Souvent les disques externes ne sont pas présents, de même que le réseau éthernet. Il faut redémarrer encore une fois. 
Une fois le démarrage effectué, tout va bien.

J'ai fait tout ce que je pouvais faire comme réparations, et contrôles, sans améliorer la situation.
Réparé les perm. "Safe Mode", "Single-User Mode". J'ai réinstallé le système.
J'ai fait un reset de la PRAM, de la SMU, de la NVRAM.
Le son de démarrage est normal.
Apple Hardware Test (AHT): OK
J'ai vérifié les 4 LED sur la carte mère: RAS.
J'ai vérifié les condensateurs: RAS. Normalement ce modèle ne pose pas de problème à ce niveau contrairement à la série précédente.
J'ai vérifié la mémoire: RAS

Je pense qu'il s'agit d'un problème d'alimentation et/ou de carte mère.
3 solutions:

1- Je peux remplacer l'alimentation. Bien sûr, cela m'embêterait de faire un achat inutile. L'idéal serait de pouvoir retourner la pièce, mais, pas évident, les revendeurs sont à l'étranger.

2- Cela provient de la carte mère.
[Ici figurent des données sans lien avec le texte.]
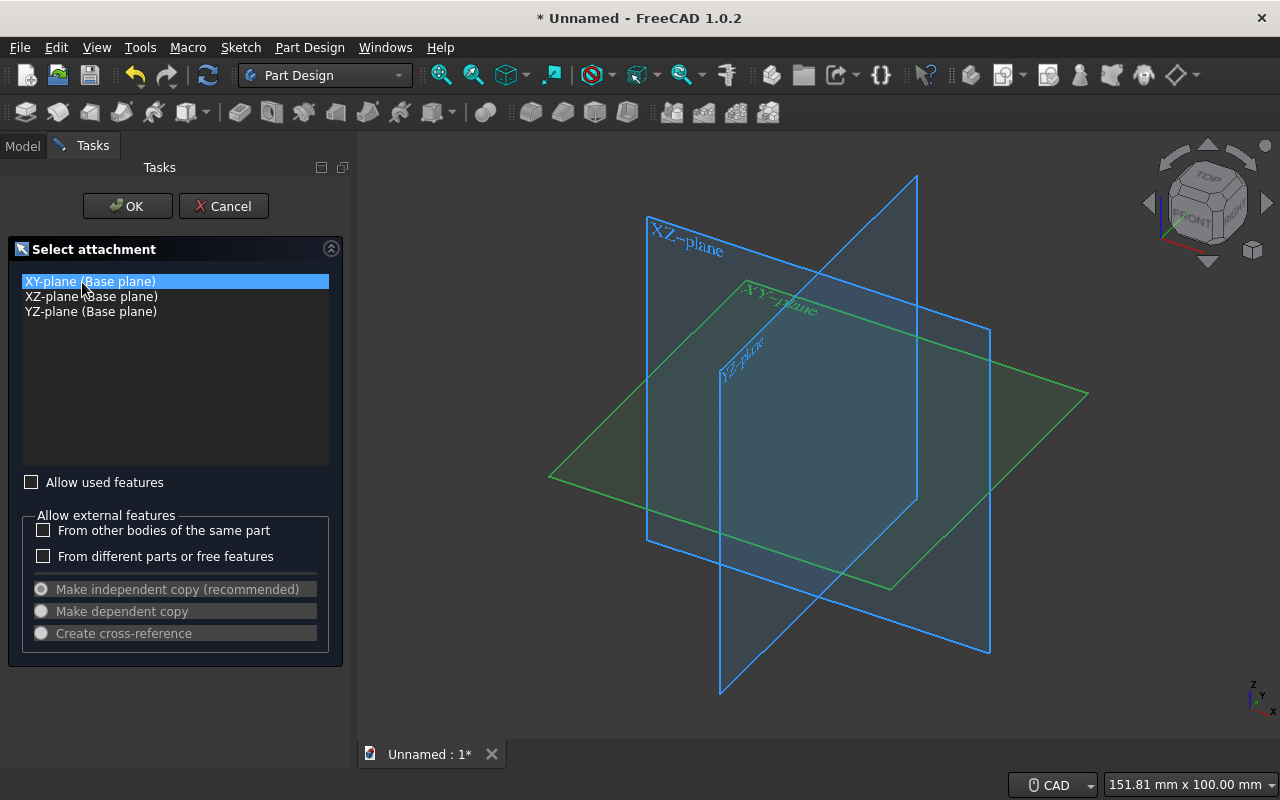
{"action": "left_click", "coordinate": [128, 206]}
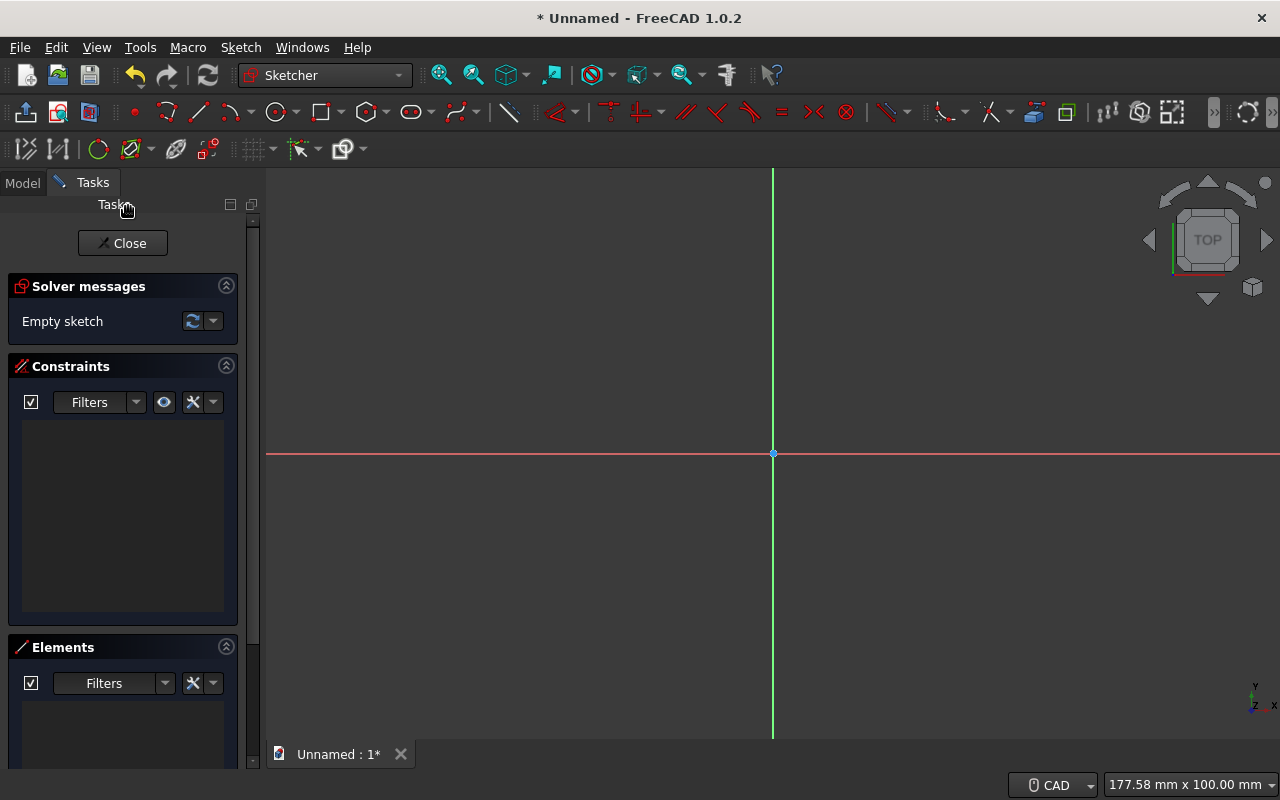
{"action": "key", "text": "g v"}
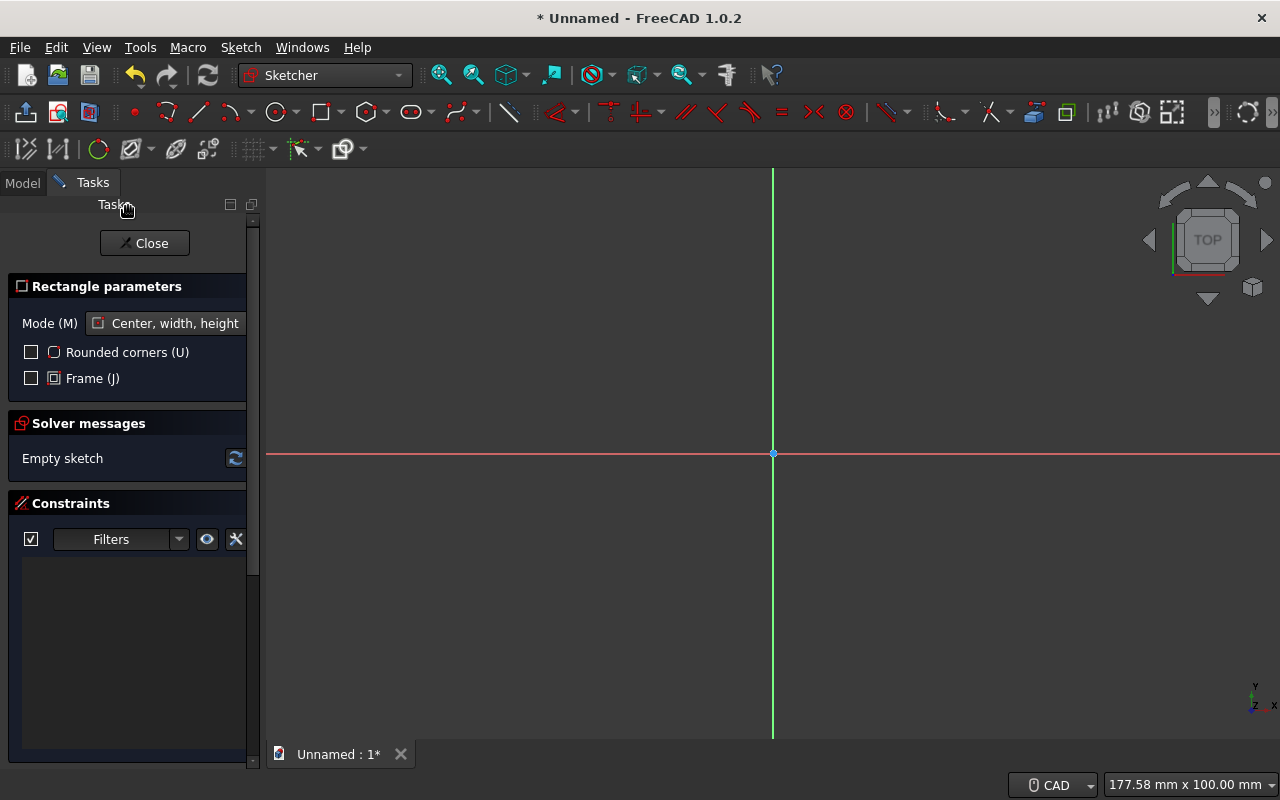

Un remplacement est déraisonnable => mac à la poubelle. 

3- Dernière solution: je n'éteins plus jamais ce mac, jusqu'au jour où il va s'arrêter.

Vos avis seraient précieux ?


----------



## alaincha (24 Juin 2009)

Installe la mise à jour combo 10.5.7 et ça devrait déja aller un peu mieux.

[edit] Pardon, je n'avais pas lu "j'ai réinstallé le système". Donc ma réponse n'est pas très bonne.


----------



## Mac à Rosny (24 Juin 2009)

alaincha a dit:


> Installe la mise à jour combo 10.5.7 et ça devrait déja aller un peu mieux.
> 
> [edit] Pardon, je n'avais pas lu "j'ai réinstallé le système". Donc ma réponse n'est pas très bonne.



Merci quand même.

Question subsidiaire:
Concernant ce modèle de mac, on peut lire :
1- Pas de bouton de reset sur la carte mère sur ce modèle, car la SMU de ce mac se réinitialise à chaque démarrage (source Apple)
2- En cas de difficulté à faire démarre ce mac, faire un reset de la SMU (source Apple)

Paradoxe


----------



## alaincha (24 Juin 2009)

Mac à Rosny a dit:


> 1- Pas de bouton de reset sur la carte mère sur ce modèle, car la SMU de ce mac se réinitialise à chaque démarrage (source Apple)
> 2- En cas de difficulté à faire démarre ce mac, faire un reset de la SMU (source Apple)



Je me souviens vaguement d'avoir lu tout ça sur le support Apple, mais je ne retrouve pas les liens.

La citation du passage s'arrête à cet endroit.